El poblado lucía como los otros que había conocido en Las Indias, un rancherío, el cabildo, la capilla a la que, confieso, no era asiduo concurrente, las tabernas y los cuarteles, que no eran otra cosa que ranchos apenas más grandes y apartados de la plaza mayor. Noté que había pocos españoles y cantidad de salvajes sometidos, hombres y mujeres que trabajaban las chacras y movían la cargas, flacos, mugrosos, de andar lento y mirada esquiva.
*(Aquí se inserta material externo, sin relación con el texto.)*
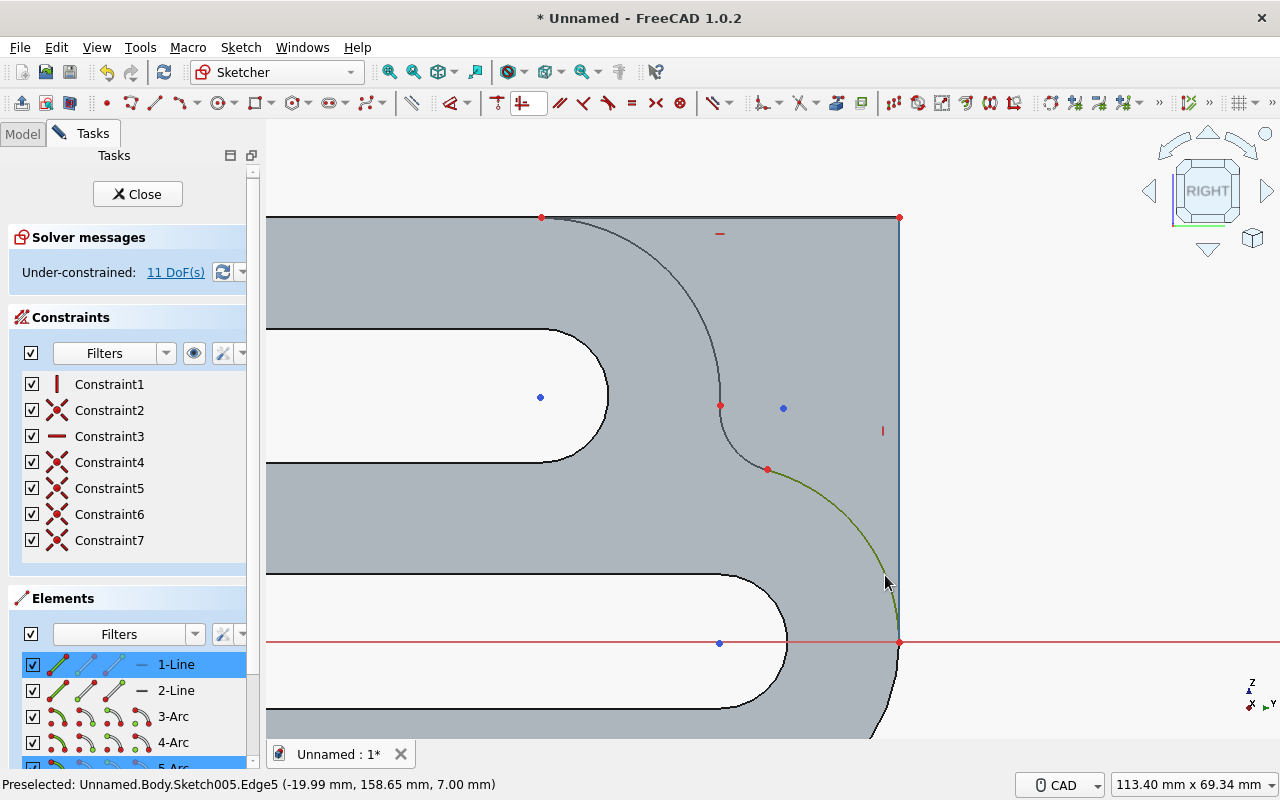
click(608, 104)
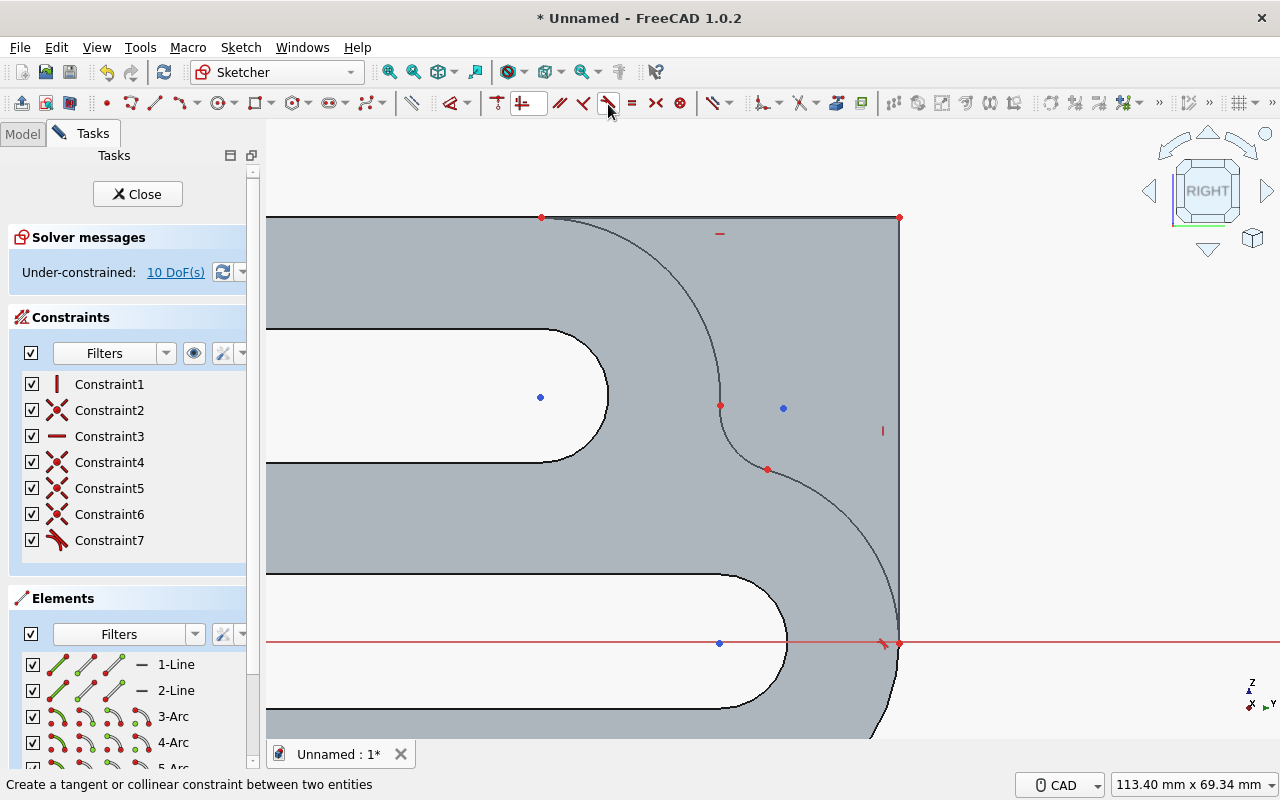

Pasamos unos días de holganza de aquí para allá por el pueblo comiendo en abundancia y con buena cantidad de tinto. Pero, como siempre, lo bueno dura poco y malo hay siempre para rato. Apareció nuestro cabo acompañado por un baqueano y nos mandó aprontarnos para la partida; que había mucho para hacer, que éramos unos bastardos haraganes y esas cosas, mentando a nuestras madres y hermanas y apurándonos que engulléramos el pan ya montados y al trote, que no había tiempo que perder.